One of the main reasons why HIPAA compliant cloud hosting is a blessing for all hospital managers is it states, in plain language, how long CSP and hospitals must maintain patient records for. The plain stated language follows:

“Physicians and hospitals are required by state law to maintain patient records for at least six years from the date of the patient’s last visit. A doctor must keep obstetrical records and records of children for at least six years or until the child reaches age 19, whichever is later.”

In addition, HIPAA compliance enables patients to view their own medical records. As noted:

“An individual can request his or her own medical records. The law also permits access by other “qualified persons.” This includes parents or guardians when they approved the care or when it was provided on an emergency basis. Attorneys representing patients may also request records, as can a committee appointed to represent the needs of an incompetent patient.”

This plain and simple language works out great for hospital managers because it mandates minimum record keeping dates, ensures all HIPAA compliant hosting sticks by those minimums under pain of financial/legal repercussions and lays out the groundwork for patients to gain access to their records while shutting out all the rest.

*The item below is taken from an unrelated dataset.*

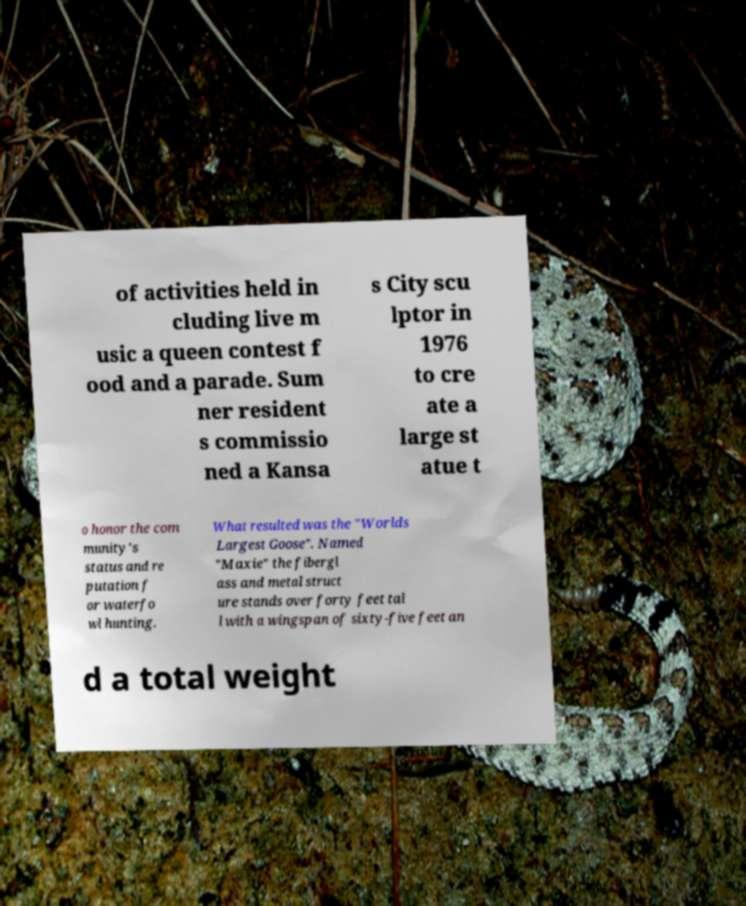For documentation purposes, I need the text within this image transcribed. Could you provide that? of activities held in cluding live m usic a queen contest f ood and a parade. Sum ner resident s commissio ned a Kansa s City scu lptor in 1976 to cre ate a large st atue t o honor the com munity's status and re putation f or waterfo wl hunting. What resulted was the "Worlds Largest Goose". Named "Maxie" the fibergl ass and metal struct ure stands over forty feet tal l with a wingspan of sixty-five feet an d a total weight

By imposing length of record keeping minimums, hospitals and CSP’s are domestically bound by the same law. As long as hospitals and HIPAA compliant cloud hosting solutions keep to the standard, both parties protect themselves against damaging lawsuits and legal repercussions. With long term datastores as provided by Amazon Web Services (Amazon Glacier) and Google Compute Engine, long term medical record keeping is as simple as an encrypted bulk upload.

4. Elimination of Unencrypted Data Mobility

If you work for a publishing company, a restaurant or an institution which doesn’t require stringent data management protocols, taking work home from the office is as simple as an external USB stick or uploaded that data to a free public cloud storage utility like Google Drive or Dropbox. Yet, within the medical community, this type of cavelier data storage is not possible.

In terms of PHI data, protected health information, HIPAA compliant hosting eliminates the need for offsite data storage practices – USB, external hard drive, laptop – by keeping all data locked in a cloud architecture. Moreover, HIPAA compliant cloud hosting encrypts all data while in motion and while at rest. This means in the case of data being accessed by an unauthorized party, that data would still not be accessible and would remain secured unless that hacker, in addition to hacking into data, also hacked into and gained a specific encryption key.

As with most aspects of cloud computing and virtualized resources, the elimination of unencrypted data mobility with HIPAA compliant hosting is redundant to make sure unauthorized access never takes place.

5. Cost Savings

The last major reason why hospital managers and patients should love HIPAA compliant cloud hosting is cost savings. While we won’t get into specific cost savings, HIPAA compliant hosting eliminates/lessen the cost burden of the hospital to spend on the following:

  1. Investing in their own data center infrastructure
  2. Investing in IT hospital staff specializing in data center infrastructure management
  3. Investing in legal hospital staff to navigate HIPAA compliance
  4. Investing in self-maintained data encryption technologies
  5. Investing in long-term data stores
  6. Investing in traditional IT hardware needed for scale
  7. Investing in significant costs of security audits, certifications, and assessments as those costs are shifted to the HIPAA cloud hosting provider

These are but a few of the cost reductions a hospital can make when utilizing a HIPAA compliant cloud hosting provider.

Cloud tech and Healthcare costs
Healthcare cost reduction via cloud technologies

For these aforementioned reasons and a few more, hospital managers should love HIPAA compliant cloud hosting.